**Problem requirements:** Leave out the pictures and output the data verbatim.

--- Dataset extract Enclosed Below ---

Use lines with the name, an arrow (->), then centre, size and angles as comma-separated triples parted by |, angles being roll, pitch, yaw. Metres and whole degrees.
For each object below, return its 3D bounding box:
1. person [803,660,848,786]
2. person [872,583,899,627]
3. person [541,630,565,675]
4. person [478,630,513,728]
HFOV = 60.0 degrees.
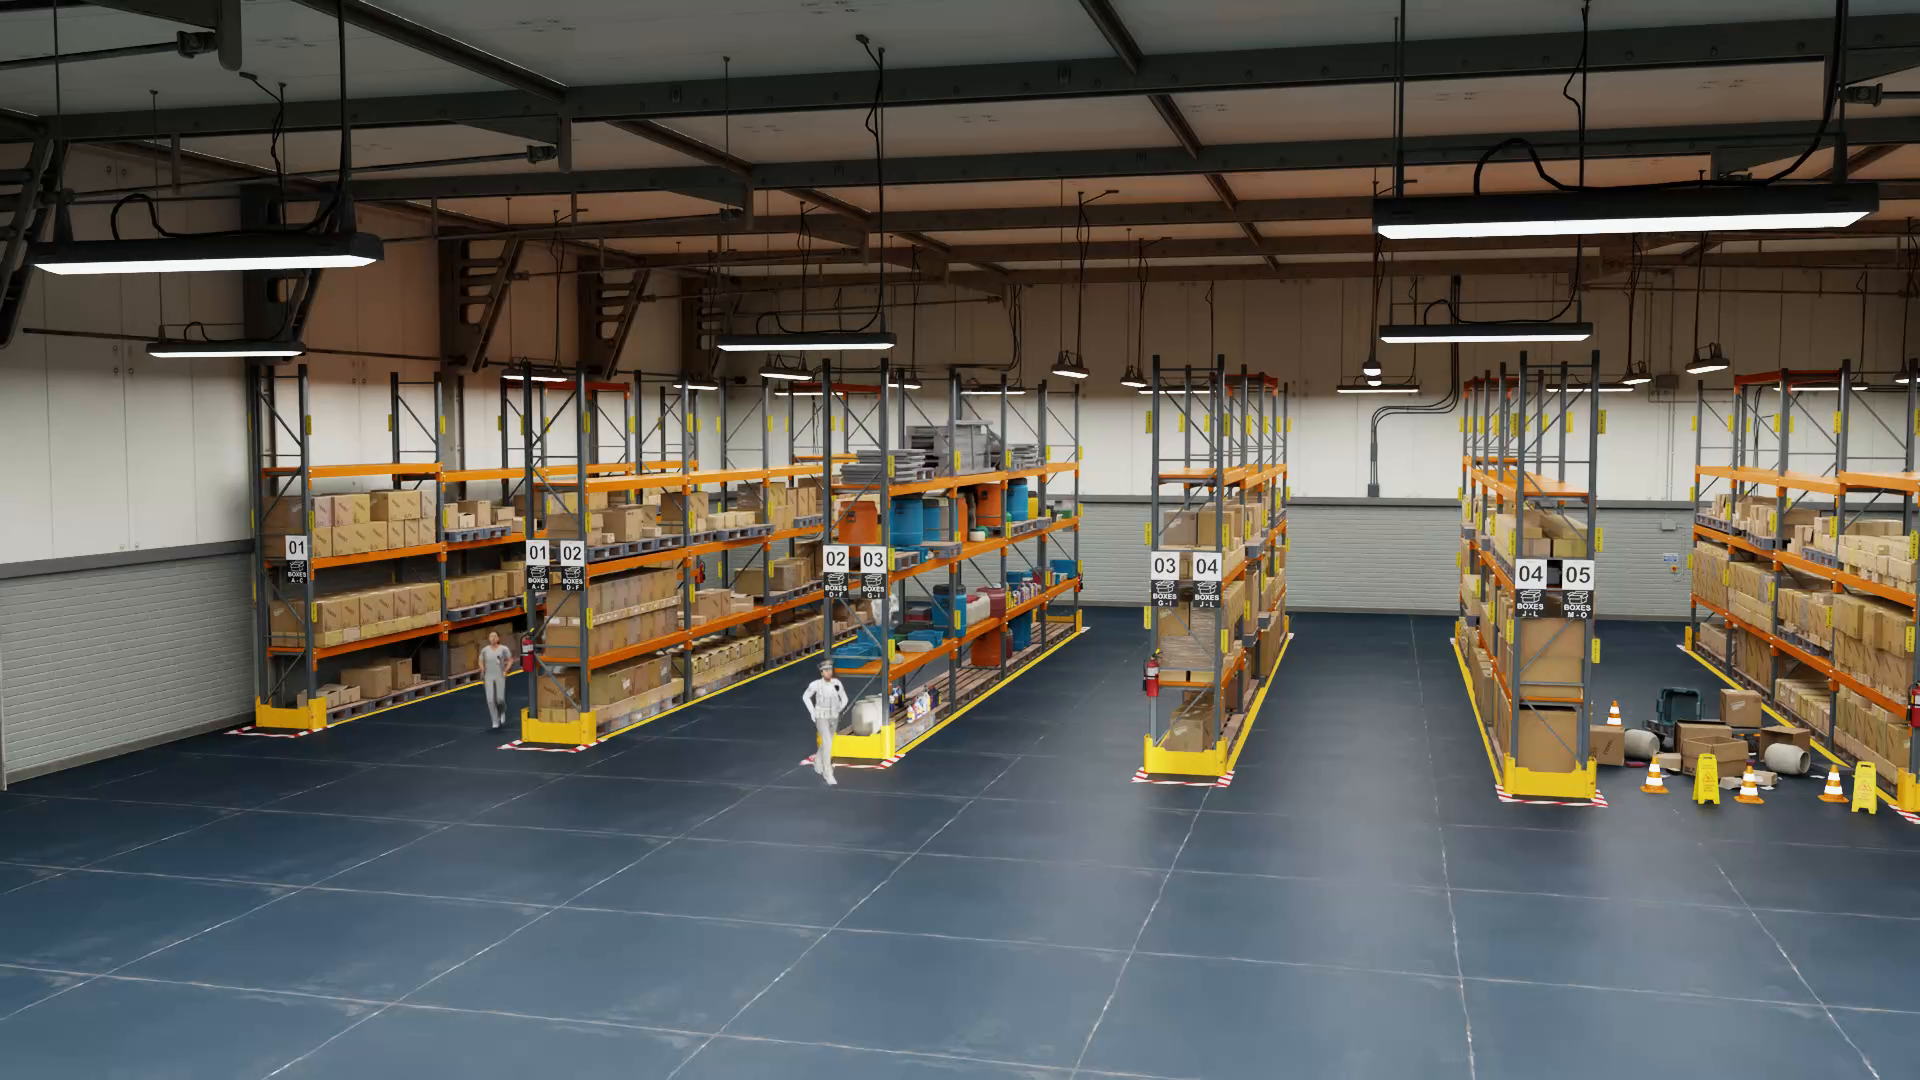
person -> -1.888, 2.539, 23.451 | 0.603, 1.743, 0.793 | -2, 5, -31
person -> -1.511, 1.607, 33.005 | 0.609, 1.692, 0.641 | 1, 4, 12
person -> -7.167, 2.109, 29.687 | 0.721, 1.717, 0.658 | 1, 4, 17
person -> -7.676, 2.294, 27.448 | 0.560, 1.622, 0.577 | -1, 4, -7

--- End of Enclosed Dataset extract ---

**Answer box:**
Use lines with the name, an arrow (->), then centre, size and angles as comma-separated triples parted by |, angles being roll, pitch, yaw. Metres and whole degrees.
For each object below, return its 3D bounding box:
1. person [803,660,848,786]
2. person [872,583,899,627]
3. person [541,630,565,675]
4. person [478,630,513,728]
HFOV = 60.0 degrees.
person -> -1.888, 2.539, 23.451 | 0.603, 1.743, 0.793 | -2, 5, -31
person -> -1.511, 1.607, 33.005 | 0.609, 1.692, 0.641 | 1, 4, 12
person -> -7.167, 2.109, 29.687 | 0.721, 1.717, 0.658 | 1, 4, 17
person -> -7.676, 2.294, 27.448 | 0.560, 1.622, 0.577 | -1, 4, -7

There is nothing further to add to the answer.